# Exterior Workbench



## jgrant6 (Jun 25, 2017)

Hey y'all, I thought I would make a contribution which is the only real woodworking project I've been able to do this year other than a few cutting boards and such. I needed an exterior workbench for my temporary makeshift work area, so I came up with this. I just thought I would post it in case anyone needed a little inspiration. Eventually this guy will come inside and I'll install a decent work surface. I would be comfortable stacking 800 lbs of material on it, it's just a little overkill. I think the final size is around 10' long and about 30" wide. It is treated, but I have since stained it to help it last a little longer out in the sun and rain.


----------



## Semipro (Mar 22, 2013)

Jed that is definitely a heavy duty work bench.


----------



## MT Stringer (Aug 15, 2012)

Looks good. I have no problem with overkill. I call it built like a tank! :grin:

This worked for me for about 4 years. Built a lot of stuff on it, and now, my brother in law is using it...and he loves it.


----------



## old55 (Aug 11, 2013)

Jed you'll have that for the rest of your life.


----------



## jgrant6 (Jun 25, 2017)

@old55 - Just as long as I have friends to help me move it!
@MT Stringer - Good looking benches! I think the next one I make will be about that height. I think moving up to waist-high would save me some back fatigue.


----------



## DaninVan (Jan 1, 2012)

Holy Hanna, Jed! You could park your pick-up on that!!


----------



## JOAT (Apr 9, 2010)

jgrant6 said:


> @MT Stringer - Good looking benches! I think the next one I make will be about that height. I think moving up to waist-high would save me some back fatigue.
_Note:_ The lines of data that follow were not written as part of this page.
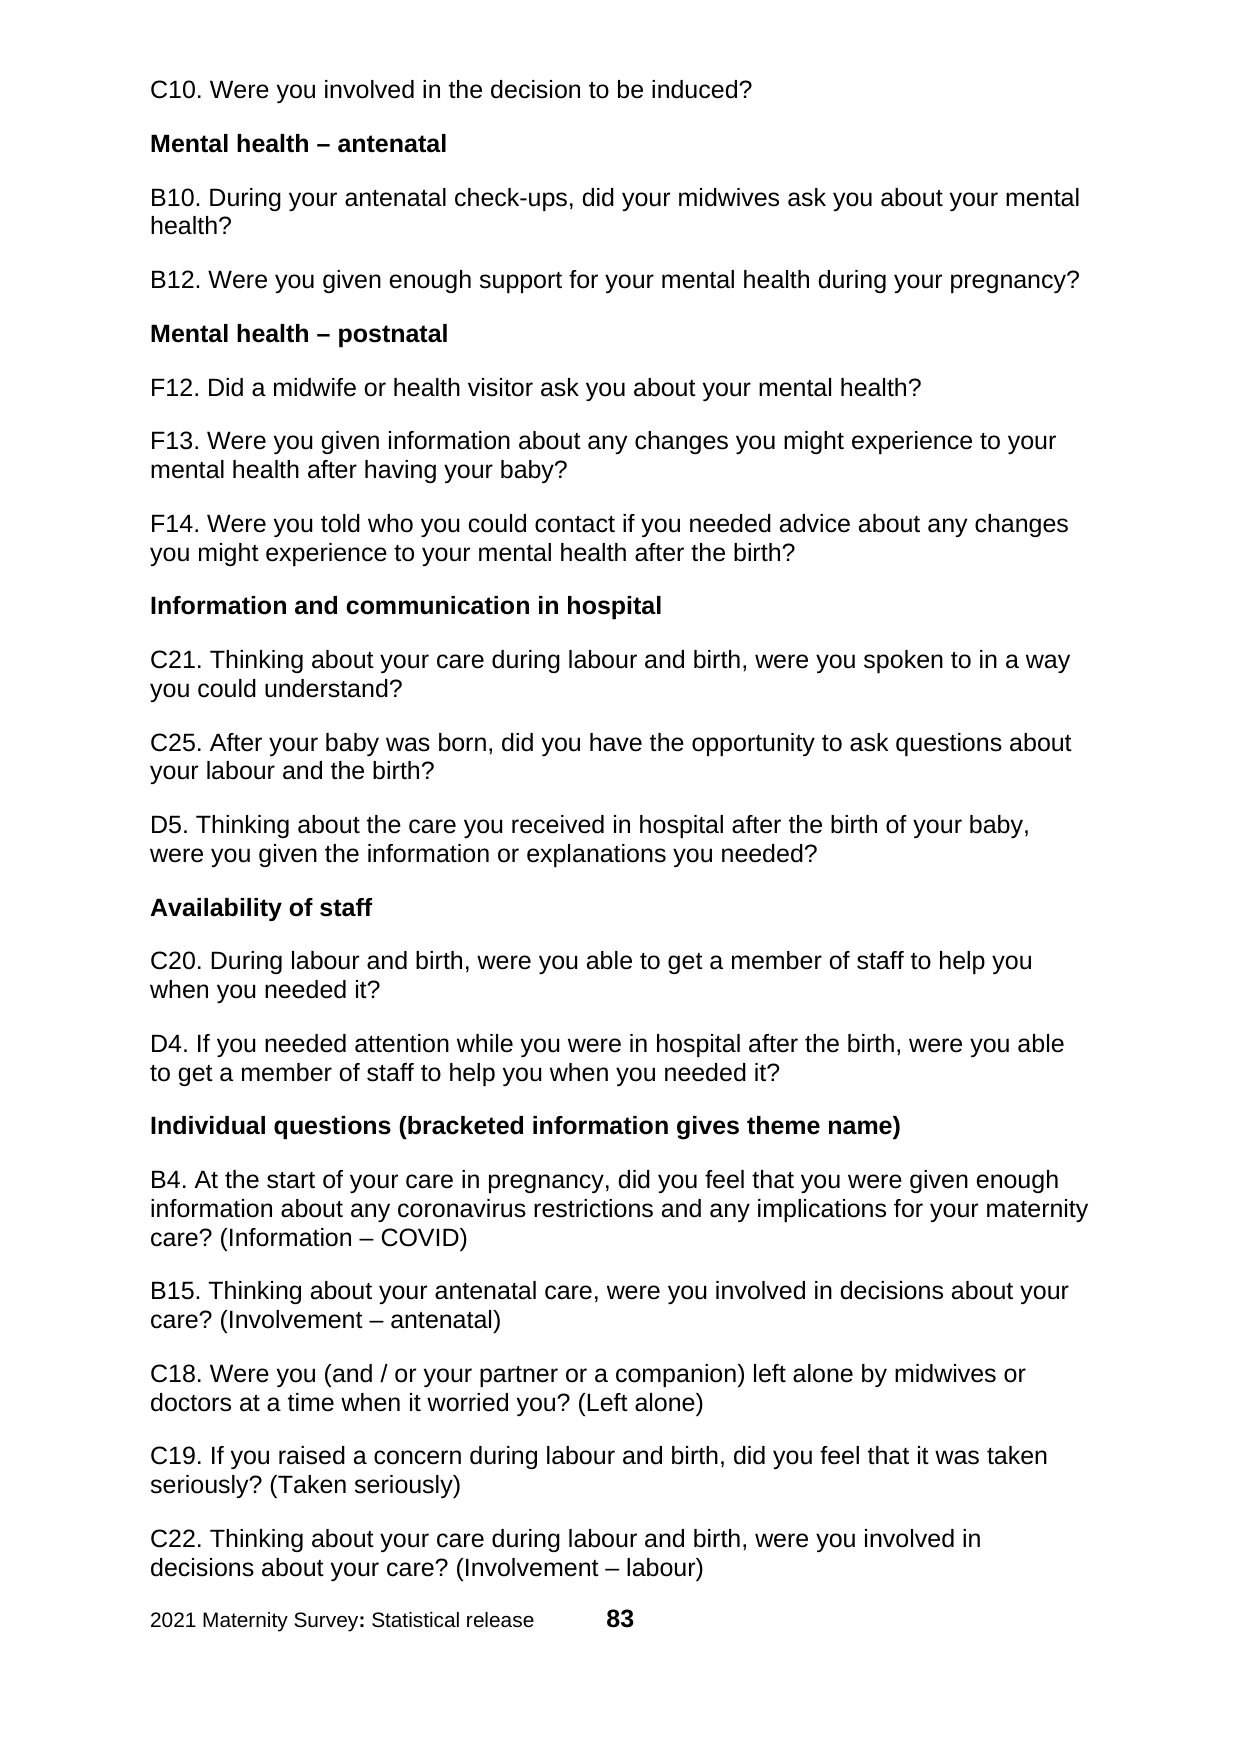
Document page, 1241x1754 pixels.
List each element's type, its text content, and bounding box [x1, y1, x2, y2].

text F12. Did a midwife or health visitor ask you about your mental health? [150, 372, 1090, 401]
text C20. During labour and birth, were you able to get a member of staff to help you when you needed it? [150, 946, 1090, 1004]
text C19. If you raised a concern during labour and birth, did you feel that it was taken seriously? (Taken seriously) [150, 1441, 1090, 1499]
text C22. Thinking about your care during labour and birth, were you involved in decisions about your care? (Involvement – labour) [150, 1524, 1090, 1581]
text C18. Were you (and / or your partner or a companion) left alone by midwives or doctors at a time when it worried you? (Left alone) [150, 1359, 1090, 1416]
text Mental health – antenatal [150, 129, 1090, 157]
text F13. Were you given information about any changes you might experience to your mental health after having your baby? [150, 426, 1090, 484]
text B4. At the start of your care in pregnancy, did you feel that you were given enough information about any coronavirus restrictions and any implications for your maternity care? (Information – COVID) [150, 1165, 1090, 1251]
text F14. Were you told who you could contact if you needed advice about any changes you might experience to your mental health after the birth? [150, 509, 1090, 566]
text B12. Were you given enough support for your mental health during your pregnancy? [150, 265, 1090, 294]
text Availability of staff [150, 892, 1090, 921]
text D4. If you needed attention while you were in hospital after the birth, were you able to get a member of staff to help you when you needed it? [150, 1029, 1090, 1086]
text C10. Were you involved in the decision to be induced? [150, 75, 1090, 104]
text B10. During your antenatal check-ups, did your midwives ask you about your mental health? [150, 182, 1090, 240]
text D5. Thinking about the care you received in hospital after the birth of your baby, were you given the information or explanations you needed? [150, 810, 1090, 867]
text C25. After your baby was born, did you have the opportunity to ask questions about your labour and the birth? [150, 727, 1090, 785]
text Individual questions (bracketed information gives theme name) [150, 1111, 1090, 1140]
text Mental health – postnatal [150, 319, 1090, 347]
text B15. Thinking about your antenatal care, were you involved in decisions about your care? (Involvement – antenatal) [150, 1276, 1090, 1334]
text C21. Thinking about your care during labour and birth, were you spoken to in a way you could understand? [150, 645, 1090, 702]
text Information and communication in hospital [150, 591, 1090, 620]

Based on my back, I would say consider making it a bit taller than just waist-high. I so very little standing anymore, and that not for long at all, and the comfortable height for me would be more than just waist-high if I was standing.


----------



## billyjim (Feb 11, 2012)

I like it. No overkill, just heavy duty and nothing wrong with that.


----------



## old coasty (Aug 15, 2014)

I built mine elbow high, works well for me. No bending over to do things.


----------



## DaninVan (Jan 1, 2012)

A woodworker could use two or more benches, at different hts. Assembling cabinets calls for a lower worktop in order to get at the inside if you have the carcass lying on its back or front. 
Mine is 8' x 4' and is also my outfeed table for the contractor table-saw, so _that_ determined the ht. NOT comfortable for cabinet assembly!


----------



## MT Stringer (Aug 15, 2012)

DaninVan said:


> A woodworker could use two or more benches, at different hts. Assembling cabinets calls for a lower worktop in order to get at the inside if you have the carcass lying on its back or front.
> Mine is 8' x 4' and is also my outfeed table for the contractor table-saw, so _that_ determined the ht. NOT comfortable for cabinet assembly!
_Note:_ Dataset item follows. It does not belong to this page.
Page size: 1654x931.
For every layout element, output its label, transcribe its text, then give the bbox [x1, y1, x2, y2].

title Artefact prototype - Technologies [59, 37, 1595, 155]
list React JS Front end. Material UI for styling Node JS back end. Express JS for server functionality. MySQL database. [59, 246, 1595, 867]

I just couldn't resist your lead.

My work bench/table is also an outfeed table for my table saw. So it is about 34 ish inches tall...just slightly less than the saw. I have also used it in the past as an outfeed table/support for my drum sander. It wasn't planned that way, but that is how it worked out.

Then there is my adjustable height dual router table/assembly table. :surprise::grin:

I can lower it to about 28 inches for assembly work or raise it to about 39 inches for comfortable routing. It's newest home is under the frame I built for my CNC. Since both are on casters, I can re-position both pieces as needed.


----------



## Roy Drake (Feb 10, 2014)

Built solid, Jed. Very practical and user friendly. I like it.


----------



## DaninVan (Jan 1, 2012)

Mike; most excellent!!! Great functionality.
Perfect illustrations, by the way; exactly what I meant re the carcass comment.


----------



## CharleyL (Feb 28, 2009)

My outside workbench is all metal, but when I'm working on a project outside the project is usually metal too. I can make sparks and not hurt anything, but I did start a fire in my lawn a few years ago. The garden hose was handy, so it didn't get to burn very much. 

Charley


----------



## jgrant6 (Jun 25, 2017)

@CharleyL - That's partially what I made this for as well, I have a sheet of steel that I can lay on the table to prevent slag from setting the table on fire, I just have to be careful not to let too much heat transfer down. 

If I could do it again, I would have made a recessed flatform so the surface of a miter saw would be flush with the tabletop.


----------